周りの皆も引きつった笑みを浮かべるしかない。
「野球技術の伝道者! 原石磨くが最大の喜び! それが野球星人! 日本各地から面白そうな野球の原石集めて来ました! ……普通の野球部だと監督やコーチの権限が強くてマネージャーが技術指導をするなんてもってのほか! なのでここの校長を脅……ゲフンゲフン、交渉してメンバーを集めてもらいました! 拍手」
リーダーらしき赤星が皆に拍手を促すが、まばらである。
「とまぁ野球星人側の自己紹介は以上、次男子達」
「お、おう……」
俺、豊、謙信の3人が普通に自己紹介をしていくが、なんか周りと空気が違う。
「じゃあ俺……野口勝也。中学は北佐倉シニアでキャッチャーをやってました。親の干渉が凄かったんで、全寮制のこの学園に入学を決めた……では駄目かな」
野球星人の女子達が睨んでいる。
「はいはい、分かりました。えー15年前、プロ野球選手だったある男が居ました。その男はキャッチャーフライでフェンス際の打球を処理しようとして飛び込んだ際にフェンスと激突。その時に首をゴリッとやってしまいそのままポックリ。気がついたら転生してたってわけ」
「転生者ってことか?」
「そうなる。ただこの体は体型的に恵まれているとは言いづらく、見ての通り身長は150センチ……肩も鍛えてはいたんだが強いとは言えなくてな……だからシニアでも2軍に甘んじていたんだ」
そりゃその身長だとパワーも期待できないだろう。
ただ前世での死に方が強烈だったので今でもプロ野球の事件簿に記録されている俺でもその事件を聞いたことがあった。

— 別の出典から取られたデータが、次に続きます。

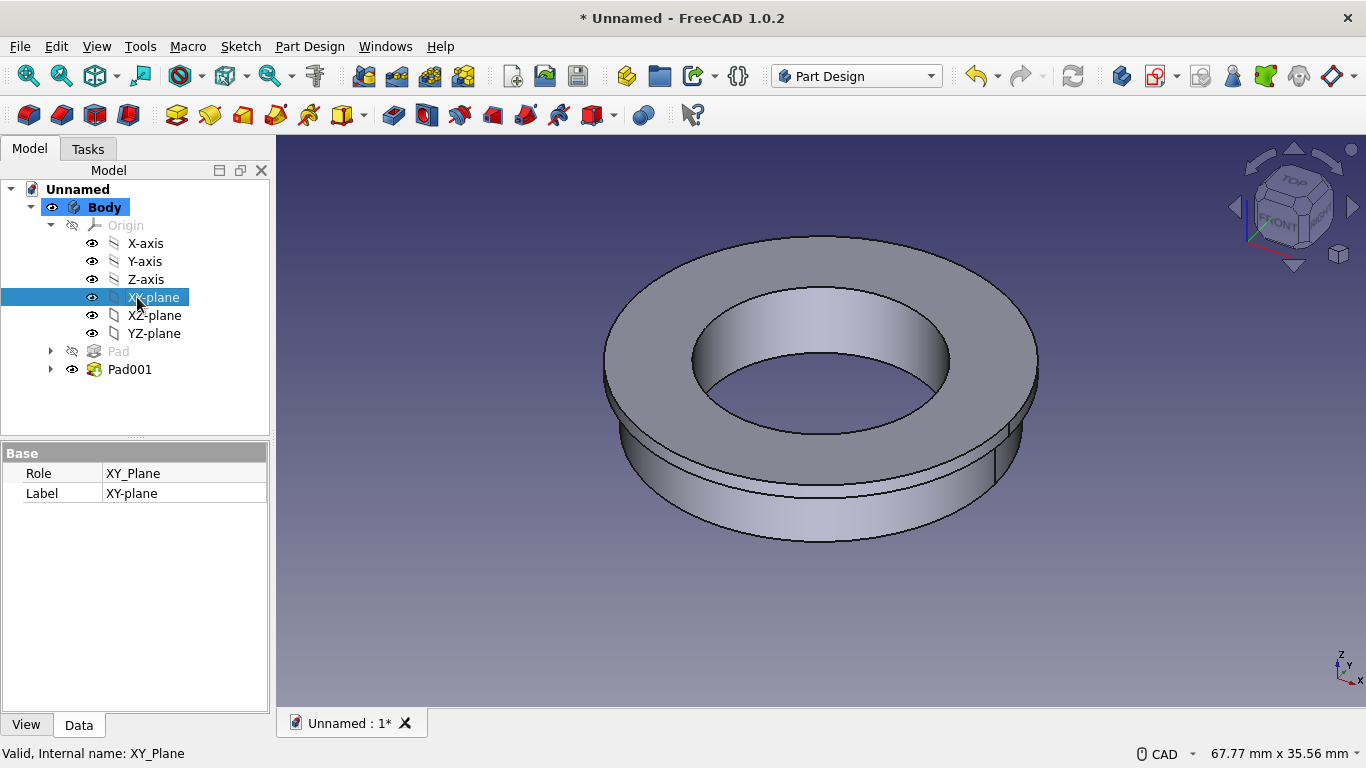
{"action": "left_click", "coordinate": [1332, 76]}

若き正捕手が不慮の事故で死亡……それからその球場は更にクッション性の高いフェンスに変えたり色々していたらしいが……。
捕球技術(ボールを捕る能力)には自信があるとのこと。
続いて糸目の胡散臭そうな雰囲気をしているチャラ男。
「うち、服部二郎っていう忍者の末裔ですわ……時代錯誤もよいところで、うち忍者になるために育てられたんですけど、それを勧めてた親父がポックリ亡くなって……どうしたもんかって悩んでたらそこの水星はんがプロ野球選手目指せって。プロ野球選手って稼げるんやろ? 野球全然詳しくないけど、一から教えてくれるってことで勧誘受けました」
今度は忍者かよ……やべぇな。
ただ残り2人はもっとヤバい。
「異世界帰還者の上林勇者です。勇者やってました! 日本に帰ってこれたと思ったら元の日本じゃなくて、戸籍が無くなったりしていて途方に暮れていたらピンク髪(恋星)の家に居候させてもらって……野球は異世界に行く前にやっていたけどブランクあるので許してください」
異世界帰還者ってなに!?
え、魔王でも倒したってこと?
めっちゃ爽やかイケメンだし顔面偏差値たけぇ……。
最後は人間でもなかった。
「あの……蔵馬北斗って言います。京都の山奥の妖怪がいっぱい住む村で隠れて生活していた天狗なんですけど、ダム建設が始まって途方に暮れていたら仲間を保護する対価として僕が野球をやることになりました。プロ野球選手になれば大金稼げて、仲間と暮らせる居場所を購入できるくらいの金は手にはいるって言われたので……邪な理由ですみません」
見た目普通の少年だけど、服を脱いで背中を見せると黒い大きな翼が生えてきた。
妖怪って本当にいるのかよ……。
「さてさて、自己紹介が終わったところで目標を発表していきます。それは……」
「「「それは……」」」
「ここに居るメンバー全員プロ野球選手になること! それにはドラフトに引っかかるような成績を大会で残す必要があります」
「で、素人だったり、野球経験あっても下手だったり……現状戦力になるの野口だけだから、1年目夏の甲子園予選は捨てる。人数も足りてないからね。動き出すのは秋季大会からになるね!」
赤星が語るに、できれば夏の甲子園予選も出れたら出たいけど、試合に出せるレベルに到達できてなかったら容赦なく捨てるらしい。
で、秋季大会には連合チームで出場できるように調整するとのこと。
「ここ千葉県は群雄割拠のエリアだからね。強い高校が毎年のように変わるし、ベスト8までがほぼ団子。ここに一石を投じるよ!」
というわけで俺達の初顔合わせだった。